[Items from a dataset]
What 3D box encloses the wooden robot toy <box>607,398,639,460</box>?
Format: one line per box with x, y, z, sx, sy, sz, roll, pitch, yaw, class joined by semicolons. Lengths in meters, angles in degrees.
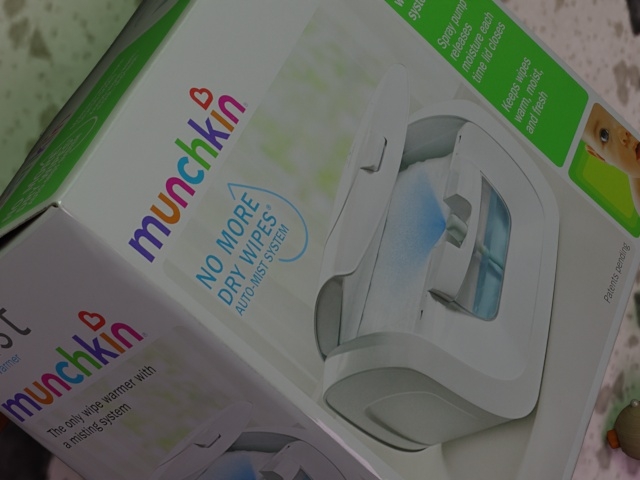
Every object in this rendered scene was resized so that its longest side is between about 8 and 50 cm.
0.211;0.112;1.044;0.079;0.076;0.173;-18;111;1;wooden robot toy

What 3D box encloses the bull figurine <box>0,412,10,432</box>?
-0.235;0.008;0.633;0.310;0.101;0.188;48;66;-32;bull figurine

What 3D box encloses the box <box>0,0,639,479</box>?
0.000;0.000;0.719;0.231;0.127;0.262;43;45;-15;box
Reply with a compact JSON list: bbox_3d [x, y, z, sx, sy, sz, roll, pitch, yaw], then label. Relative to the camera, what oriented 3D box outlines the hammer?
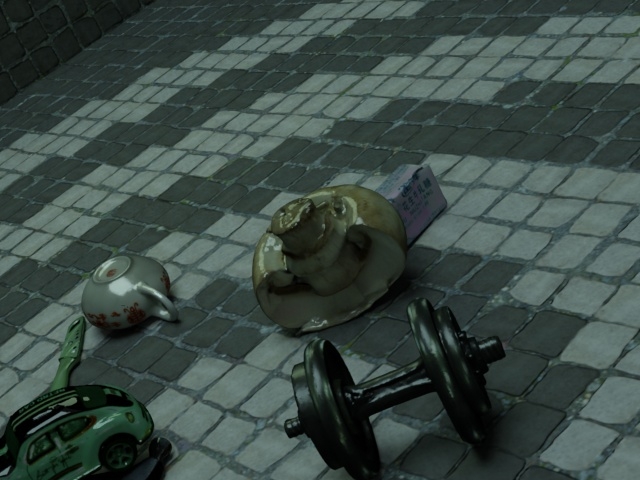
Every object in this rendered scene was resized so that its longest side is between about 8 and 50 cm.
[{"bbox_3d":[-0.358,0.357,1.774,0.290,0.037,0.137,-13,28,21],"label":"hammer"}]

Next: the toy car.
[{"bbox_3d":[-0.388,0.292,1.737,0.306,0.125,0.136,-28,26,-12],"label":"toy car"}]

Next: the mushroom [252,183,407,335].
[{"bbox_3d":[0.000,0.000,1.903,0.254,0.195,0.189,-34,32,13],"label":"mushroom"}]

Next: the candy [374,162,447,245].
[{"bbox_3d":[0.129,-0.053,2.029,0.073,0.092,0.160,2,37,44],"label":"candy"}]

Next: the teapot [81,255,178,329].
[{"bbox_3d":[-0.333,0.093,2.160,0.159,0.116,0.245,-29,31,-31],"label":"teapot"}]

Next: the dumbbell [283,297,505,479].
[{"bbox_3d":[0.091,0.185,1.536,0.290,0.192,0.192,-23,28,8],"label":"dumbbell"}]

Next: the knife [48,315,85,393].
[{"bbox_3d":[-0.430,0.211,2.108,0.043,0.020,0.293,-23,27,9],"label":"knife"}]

Exercise directions -> The line containing "What 3D box encloses the box" and all lines after it, through the last line of the records, should be returned exactly. Omit the pictures.

Result below ->
What 3D box encloses the box <box>0,0,639,479</box>?
0.000;0.000;0.719;0.231;0.127;0.262;43;45;-15;box
Reply with a compact JSON list: bbox_3d [x, y, z, sx, sy, sz, roll, pitch, yaw], then label. Relative to the camera, what oriented 3D box outlines the hammer?
Every object in this rendered scene was resized so that its longest side is between about 8 and 50 cm.
[{"bbox_3d":[-0.358,0.357,1.774,0.290,0.037,0.137,-13,28,21],"label":"hammer"}]

Next: the toy car.
[{"bbox_3d":[-0.388,0.292,1.737,0.306,0.125,0.136,-28,26,-12],"label":"toy car"}]

Next: the mushroom [252,183,407,335].
[{"bbox_3d":[0.000,0.000,1.903,0.254,0.195,0.189,-34,32,13],"label":"mushroom"}]

Next: the candy [374,162,447,245].
[{"bbox_3d":[0.129,-0.053,2.029,0.073,0.092,0.160,2,37,44],"label":"candy"}]

Next: the teapot [81,255,178,329].
[{"bbox_3d":[-0.333,0.093,2.160,0.159,0.116,0.245,-29,31,-31],"label":"teapot"}]

Next: the dumbbell [283,297,505,479].
[{"bbox_3d":[0.091,0.185,1.536,0.290,0.192,0.192,-23,28,8],"label":"dumbbell"}]

Next: the knife [48,315,85,393].
[{"bbox_3d":[-0.430,0.211,2.108,0.043,0.020,0.293,-23,27,9],"label":"knife"}]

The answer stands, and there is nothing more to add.